Scan the data. Collect each line that contains the word "highest".

Records from a dataset:

::::::::::

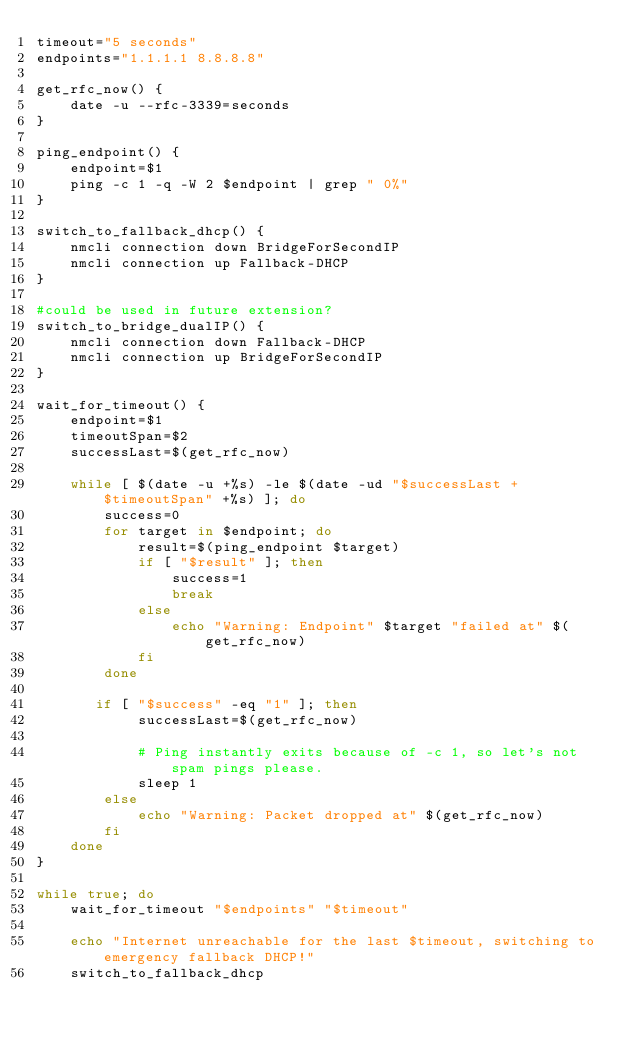Convert code to text. <code><loc_0><loc_0><loc_500><loc_500><_Bash_>timeout="5 seconds"
endpoints="1.1.1.1 8.8.8.8"

get_rfc_now() {
    date -u --rfc-3339=seconds
}

ping_endpoint() {
    endpoint=$1
    ping -c 1 -q -W 2 $endpoint | grep " 0%"
}

switch_to_fallback_dhcp() {
    nmcli connection down BridgeForSecondIP
    nmcli connection up Fallback-DHCP
}

#could be used in future extension?
switch_to_bridge_dualIP() {
    nmcli connection down Fallback-DHCP
    nmcli connection up BridgeForSecondIP
}

wait_for_timeout() {
    endpoint=$1
    timeoutSpan=$2
    successLast=$(get_rfc_now)

    while [ $(date -u +%s) -le $(date -ud "$successLast +$timeoutSpan" +%s) ]; do
        success=0
        for target in $endpoint; do
            result=$(ping_endpoint $target)
            if [ "$result" ]; then
                success=1
                break
            else
                echo "Warning: Endpoint" $target "failed at" $(get_rfc_now)
            fi
        done

       if [ "$success" -eq "1" ]; then
            successLast=$(get_rfc_now)

            # Ping instantly exits because of -c 1, so let's not spam pings please.
            sleep 1
        else
            echo "Warning: Packet dropped at" $(get_rfc_now)
        fi
    done
}

while true; do
    wait_for_timeout "$endpoints" "$timeout"

    echo "Internet unreachable for the last $timeout, switching to emergency fallback DHCP!"
    switch_to_fallback_dhcp</code> 
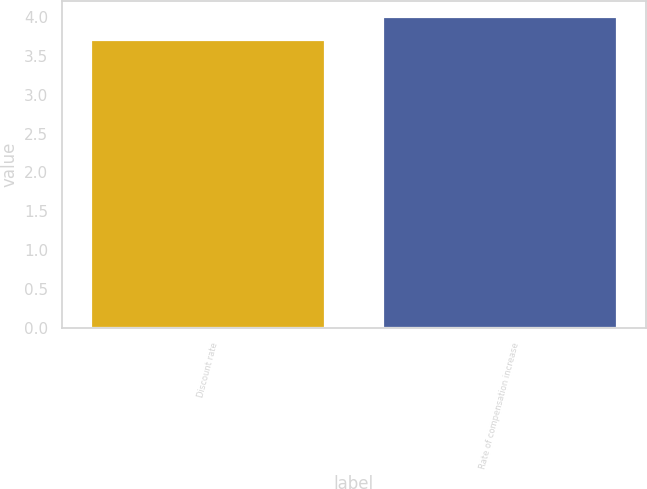Convert chart to OTSL. <chart><loc_0><loc_0><loc_500><loc_500><bar_chart><fcel>Discount rate<fcel>Rate of compensation increase<nl><fcel>3.7<fcel>4<nl></chart> 
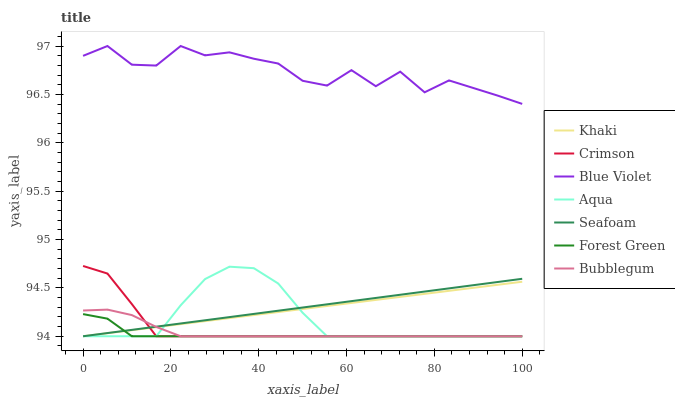Does Forest Green have the minimum area under the curve?
Answer yes or no. Yes. Does Blue Violet have the maximum area under the curve?
Answer yes or no. Yes. Does Aqua have the minimum area under the curve?
Answer yes or no. No. Does Aqua have the maximum area under the curve?
Answer yes or no. No. Is Seafoam the smoothest?
Answer yes or no. Yes. Is Blue Violet the roughest?
Answer yes or no. Yes. Is Aqua the smoothest?
Answer yes or no. No. Is Aqua the roughest?
Answer yes or no. No. Does Blue Violet have the lowest value?
Answer yes or no. No. Does Blue Violet have the highest value?
Answer yes or no. Yes. Does Aqua have the highest value?
Answer yes or no. No. Is Seafoam less than Blue Violet?
Answer yes or no. Yes. Is Blue Violet greater than Khaki?
Answer yes or no. Yes. Does Seafoam intersect Blue Violet?
Answer yes or no. No. 
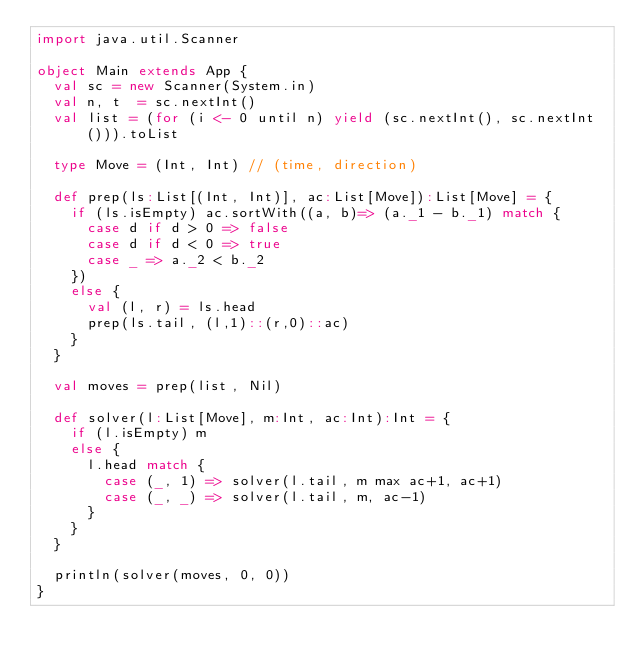<code> <loc_0><loc_0><loc_500><loc_500><_Scala_>import java.util.Scanner

object Main extends App { 
  val sc = new Scanner(System.in)
  val n, t  = sc.nextInt()
  val list = (for (i <- 0 until n) yield (sc.nextInt(), sc.nextInt())).toList

  type Move = (Int, Int) // (time, direction)

  def prep(ls:List[(Int, Int)], ac:List[Move]):List[Move] = {
    if (ls.isEmpty) ac.sortWith((a, b)=> (a._1 - b._1) match {
      case d if d > 0 => false
      case d if d < 0 => true
      case _ => a._2 < b._2  
    })
    else {
      val (l, r) = ls.head
      prep(ls.tail, (l,1)::(r,0)::ac)
    }
  }

  val moves = prep(list, Nil)

  def solver(l:List[Move], m:Int, ac:Int):Int = {
    if (l.isEmpty) m
    else {
      l.head match {
        case (_, 1) => solver(l.tail, m max ac+1, ac+1)
        case (_, _) => solver(l.tail, m, ac-1)
      }
    } 
  }

  println(solver(moves, 0, 0))
}

</code> 
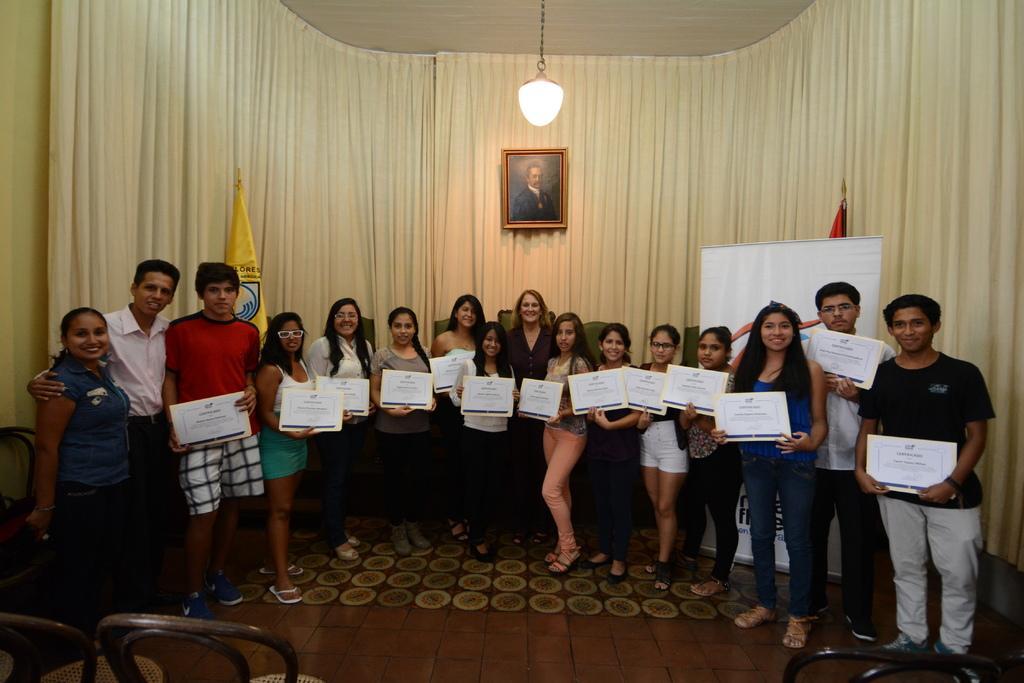In one or two sentences, can you explain what this image depicts? In the foreground of this image, there are people standing on the floor holding boards. At the bottom, there are chairs. In the background, there are flags, a board, curtain, frame and a light hanging. 
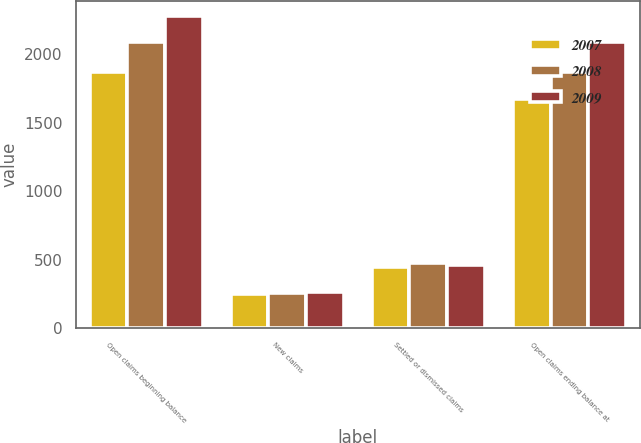<chart> <loc_0><loc_0><loc_500><loc_500><stacked_bar_chart><ecel><fcel>Open claims beginning balance<fcel>New claims<fcel>Settled or dismissed claims<fcel>Open claims ending balance at<nl><fcel>2007<fcel>1867<fcel>249<fcel>446<fcel>1670<nl><fcel>2008<fcel>2086<fcel>256<fcel>475<fcel>1867<nl><fcel>2009<fcel>2277<fcel>269<fcel>460<fcel>2086<nl></chart>

::::::::::

### TASK SOLUTION
Answer yes or no. No. Does Blue Violet have the highest value?
Answer yes or no. Yes. Does Aqua have the highest value?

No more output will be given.